═══ Input data
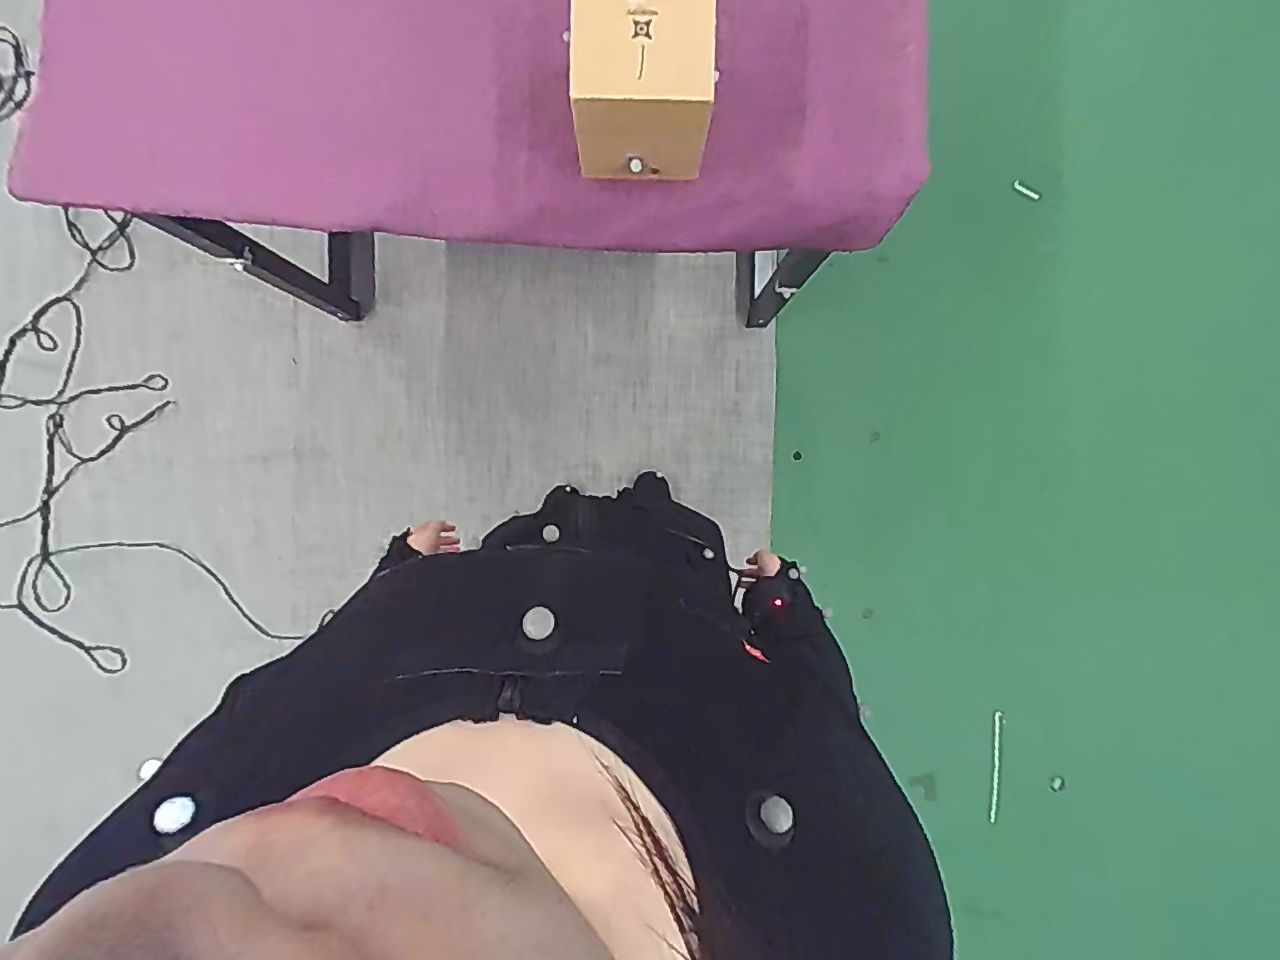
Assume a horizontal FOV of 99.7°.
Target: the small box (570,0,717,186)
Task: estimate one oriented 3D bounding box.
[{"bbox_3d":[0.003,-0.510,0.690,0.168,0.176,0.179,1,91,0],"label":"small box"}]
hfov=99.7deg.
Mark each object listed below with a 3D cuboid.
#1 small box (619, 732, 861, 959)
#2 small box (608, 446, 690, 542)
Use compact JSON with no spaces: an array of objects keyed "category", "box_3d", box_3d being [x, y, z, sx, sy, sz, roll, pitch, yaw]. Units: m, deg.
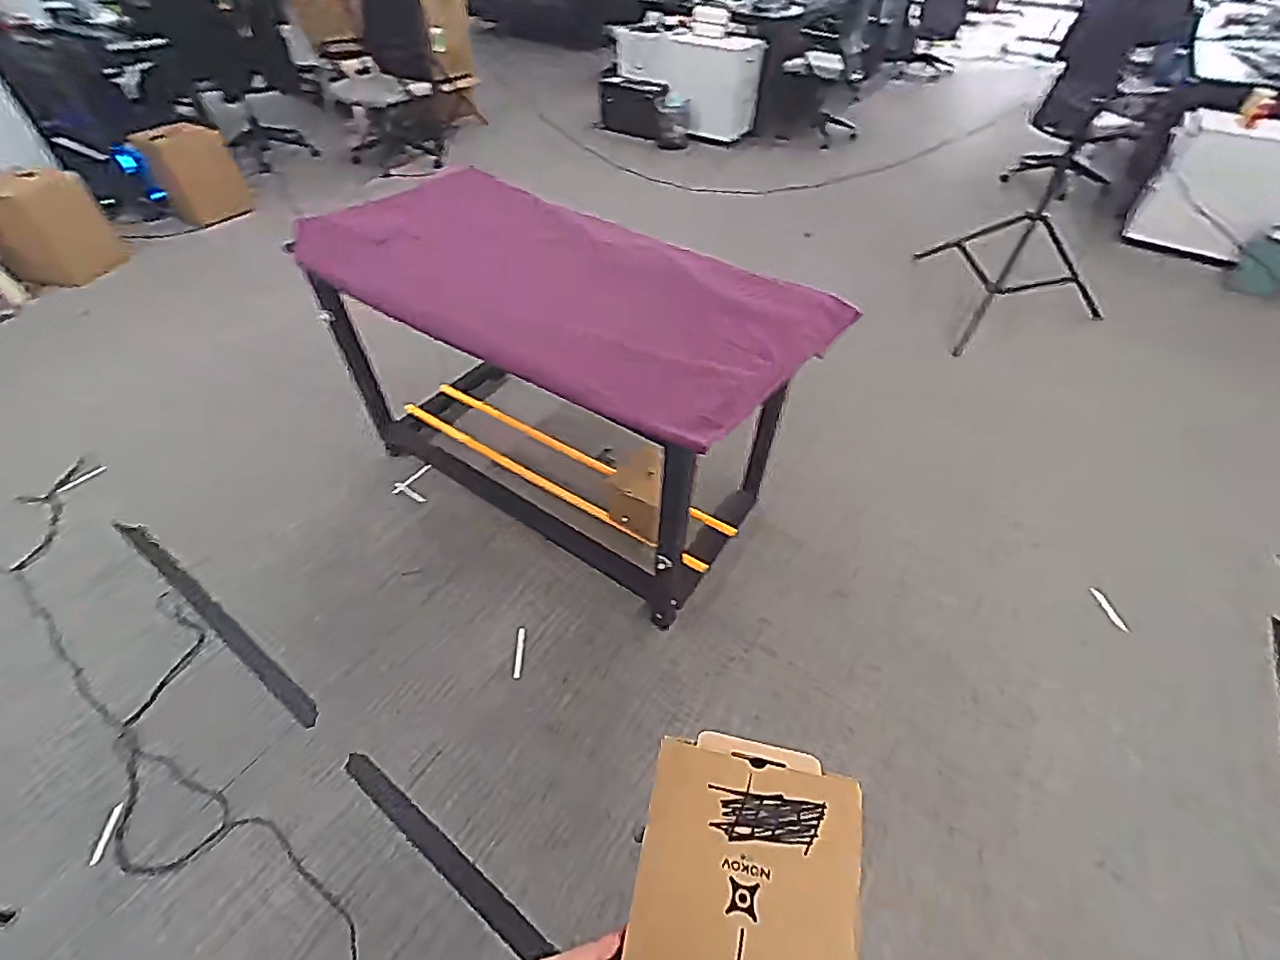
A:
══════
* _Exercise details_: The records above must be output exactly, except for the pictures.

* _Solution to this task_:
Assume a horizontal FOV of 99.7°.
Target: the small box (570,0,717,186)
Task: estimate one oriented 3D bounding box.
[{"bbox_3d":[0.003,-0.510,0.690,0.168,0.176,0.179,1,91,0],"label":"small box"}]
hfov=99.7deg.
Mark each object listed below with a 3D cuboid.
#1 small box (619, 732, 861, 959)
#2 small box (608, 446, 690, 542)
Use compact JSON with no spaces: an array of objects keyed "category", "box_3d", box_3d being [x, y, z, sx, sy, sz, roll, pitch, yaw]. Units: m, deg.
A:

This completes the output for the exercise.